His loss to Junior Dos Santos at UFC 117 showed a few cracks in his armor. While he showed heart in carrying himself the distance, he was noticeably more beaten for it. He didn’t have an answer for Dos Santos’ speed and boxing, and seemed winded by the end of the third.
I never believed Nelson would win his season of The Ultimate Fighter (no, I did not pick Kimbo), and I’m impressed he’s come as far as he has. Though impossible to believe at first glance, there is an abundant amount of skill in that man’s body, and at this point, I would not be shocked to see his hand raised at the end of this next fight with Mir. Regardless, Nelson’s career takes a considerable hit if he loses.

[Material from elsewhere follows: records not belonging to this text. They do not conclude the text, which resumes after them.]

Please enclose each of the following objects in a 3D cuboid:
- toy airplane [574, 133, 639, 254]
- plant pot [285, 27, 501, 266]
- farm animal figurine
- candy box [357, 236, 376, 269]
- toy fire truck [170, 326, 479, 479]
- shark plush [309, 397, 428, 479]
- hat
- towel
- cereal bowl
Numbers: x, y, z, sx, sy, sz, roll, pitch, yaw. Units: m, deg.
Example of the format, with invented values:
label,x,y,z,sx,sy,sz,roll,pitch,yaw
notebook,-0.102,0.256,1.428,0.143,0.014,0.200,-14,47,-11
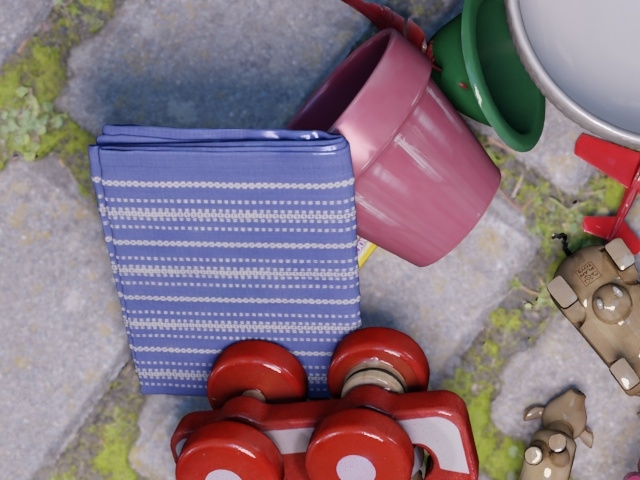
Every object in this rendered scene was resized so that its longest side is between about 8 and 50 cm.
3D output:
label,x,y,z,sx,sy,sz,roll,pitch,yaw
toy airplane,0.325,-0.050,1.562,0.151,0.028,0.151,0,87,-1
plant pot,0.071,-0.078,1.467,0.180,0.201,0.201,40,87,-13
farm animal figurine,0.313,0.143,1.490,0.330,0.172,0.326,-19,77,7
candy box,0.000,0.000,1.560,0.105,0.027,0.206,37,86,0
toy fire truck,0.008,0.238,1.449,0.302,0.169,0.254,-7,120,14
shark plush,0.049,0.216,1.535,0.161,0.073,0.067,35,118,-3
hat,0.117,-0.171,1.559,0.184,0.173,0.208,-15,62,31
towel,-0.082,0.027,1.440,0.243,0.336,0.040,1,41,6
cereal bowl,0.350,-0.250,1.520,0.339,0.141,0.339,0,85,0
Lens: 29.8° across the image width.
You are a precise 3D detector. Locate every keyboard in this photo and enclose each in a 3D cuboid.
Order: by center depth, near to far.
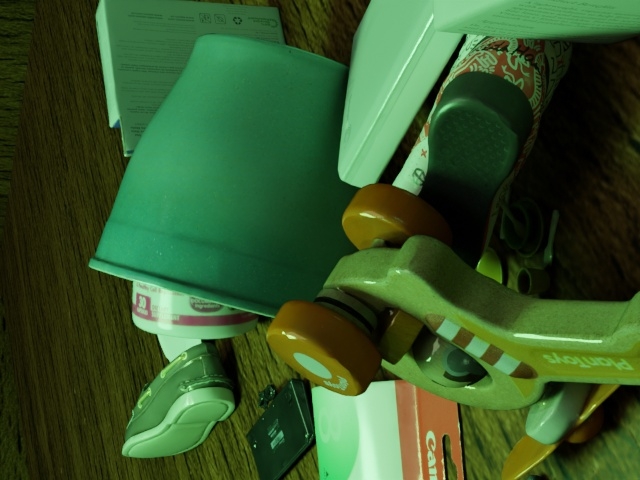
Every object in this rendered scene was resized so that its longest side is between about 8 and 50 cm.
[{"bbox_3d":[-0.049,0.223,1.450,0.180,0.023,0.108,-55,48,52],"label":"keyboard"}]

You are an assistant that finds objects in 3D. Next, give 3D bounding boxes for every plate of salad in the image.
[{"bbox_3d":[-0.204,0.113,1.774,0.200,0.048,0.200,40,136,54],"label":"plate of salad"}]

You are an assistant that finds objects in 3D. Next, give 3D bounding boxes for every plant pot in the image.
[{"bbox_3d":[-0.070,-0.064,1.214,0.271,0.271,0.255,10,86,66],"label":"plant pot"}]

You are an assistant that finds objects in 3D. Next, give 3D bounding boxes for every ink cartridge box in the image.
[{"bbox_3d":[0.062,0.224,1.154,0.224,0.056,0.181,156,111,-67],"label":"ink cartridge box"},{"bbox_3d":[-0.137,-0.178,1.389,0.045,0.223,0.224,124,140,-53],"label":"ink cartridge box"}]

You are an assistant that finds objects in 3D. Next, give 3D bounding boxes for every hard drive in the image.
[{"bbox_3d":[0.091,-0.213,1.014,0.307,0.040,0.203,120,162,-49],"label":"hard drive"}]

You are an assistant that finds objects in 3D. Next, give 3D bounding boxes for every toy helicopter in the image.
[{"bbox_3d":[0.145,0.079,0.808,0.355,0.235,0.140,-4,48,56],"label":"toy helicopter"}]

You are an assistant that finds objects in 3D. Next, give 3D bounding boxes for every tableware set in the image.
[{"bbox_3d":[0.142,0.006,0.996,0.154,0.024,0.104,-145,57,-62],"label":"tableware set"}]

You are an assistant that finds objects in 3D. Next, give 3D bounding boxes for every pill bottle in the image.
[{"bbox_3d":[-0.151,-0.031,1.501,0.160,0.160,0.283,-159,70,-65],"label":"pill bottle"}]

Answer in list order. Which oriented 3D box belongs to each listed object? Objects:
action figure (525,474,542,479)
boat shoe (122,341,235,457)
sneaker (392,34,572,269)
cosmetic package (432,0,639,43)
[{"bbox_3d":[0.164,0.351,0.865,0.341,0.178,0.330,-7,90,37],"label":"action figure"},{"bbox_3d":[-0.208,0.237,1.717,0.305,0.109,0.091,-43,51,52],"label":"boat shoe"},{"bbox_3d":[0.117,-0.068,0.944,0.145,0.090,0.270,-59,-6,-34],"label":"sneaker"},{"bbox_3d":[0.175,-0.216,0.750,0.183,0.151,0.151,175,95,-66],"label":"cosmetic package"}]
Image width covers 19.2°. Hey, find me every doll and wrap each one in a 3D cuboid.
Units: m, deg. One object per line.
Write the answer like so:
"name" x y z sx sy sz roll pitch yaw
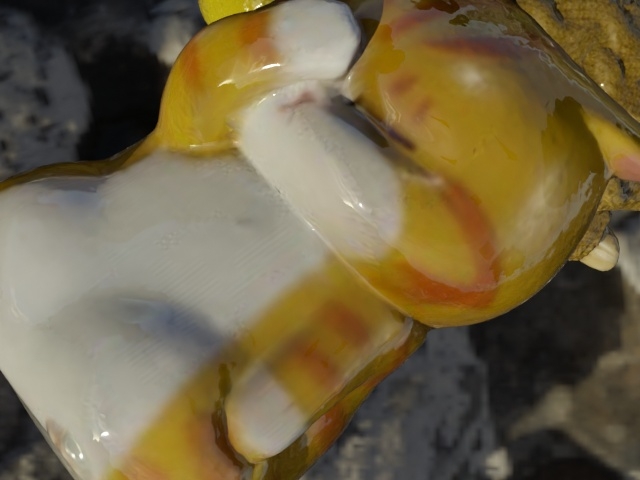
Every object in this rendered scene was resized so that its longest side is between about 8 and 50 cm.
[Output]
"doll" -0.013 0.002 0.723 0.270 0.166 0.162 -40 157 5

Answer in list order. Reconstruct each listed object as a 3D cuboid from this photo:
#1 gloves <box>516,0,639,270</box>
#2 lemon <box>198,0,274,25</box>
"gloves" 0.159 -0.088 1.262 0.356 0.155 0.203 10 93 -44
"lemon" -0.023 -0.135 1.027 0.082 0.111 0.082 -11 115 -24
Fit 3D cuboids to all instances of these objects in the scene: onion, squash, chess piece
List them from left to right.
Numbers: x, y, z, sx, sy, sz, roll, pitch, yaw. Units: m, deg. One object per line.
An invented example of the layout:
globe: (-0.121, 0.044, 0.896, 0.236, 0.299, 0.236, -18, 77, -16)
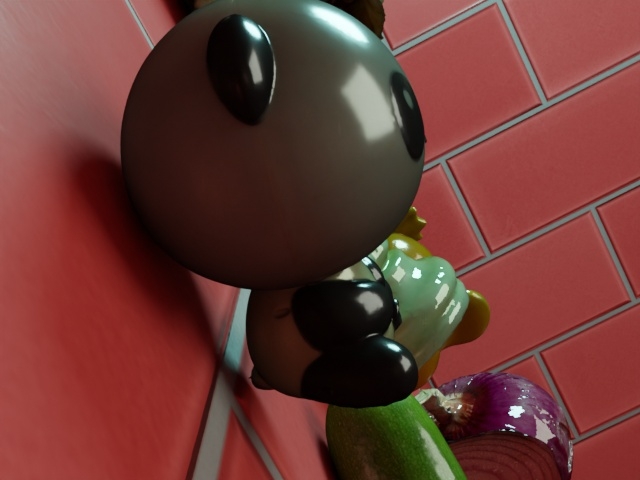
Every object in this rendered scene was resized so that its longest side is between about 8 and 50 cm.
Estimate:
chess piece: (0.000, 0.000, 0.837, 0.298, 0.175, 0.176, 49, 7, -8)
squash: (0.101, 0.265, 0.605, 0.379, 0.101, 0.101, 67, 6, 26)
onion: (0.271, 0.317, 1.331, 0.230, 0.256, 0.272, -69, 156, -64)

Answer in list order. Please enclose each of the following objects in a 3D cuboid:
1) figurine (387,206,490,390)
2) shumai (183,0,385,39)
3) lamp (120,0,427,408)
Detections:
figurine: (0.105, 0.092, 1.125, 0.228, 0.215, 0.215, 53, -3, 43)
shumai: (-0.079, -0.367, 1.198, 0.395, 0.395, 0.348, 58, 28, -45)
lamp: (-0.017, -0.026, 0.500, 0.198, 0.197, 0.244, -103, 173, -72)
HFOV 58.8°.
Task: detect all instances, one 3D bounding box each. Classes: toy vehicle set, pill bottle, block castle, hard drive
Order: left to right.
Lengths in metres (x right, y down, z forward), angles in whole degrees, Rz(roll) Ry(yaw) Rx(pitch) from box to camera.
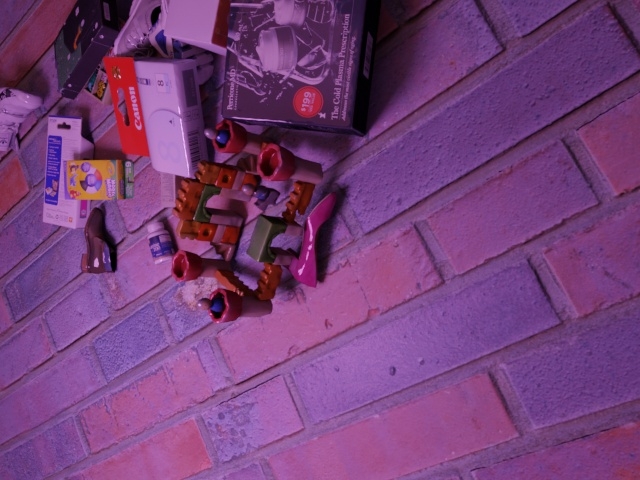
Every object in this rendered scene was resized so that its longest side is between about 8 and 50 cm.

He wants to make a serious run at the title and elevate his name among the division’s current elite, but at the age of 34, he can’t afford to be knocked down the ladder again in another “gateway” fight as he did in the loss to dos Santos. Nelson is clearly good enough to not simply belong in the UFC’s heavyweight division but thrive. The question remains whether he’ll end up a gatekeeper or bust through the gate.
Frank Mir and Roy Nelson face each other at critical times in their careers. For the winner, a future date with another title contender awaits. After that, depending on the outcome, a title shot isn’t out of the question. For the loser, a period of evaluation is at hand. At this point in either one's career, there is only so much drawing board space left.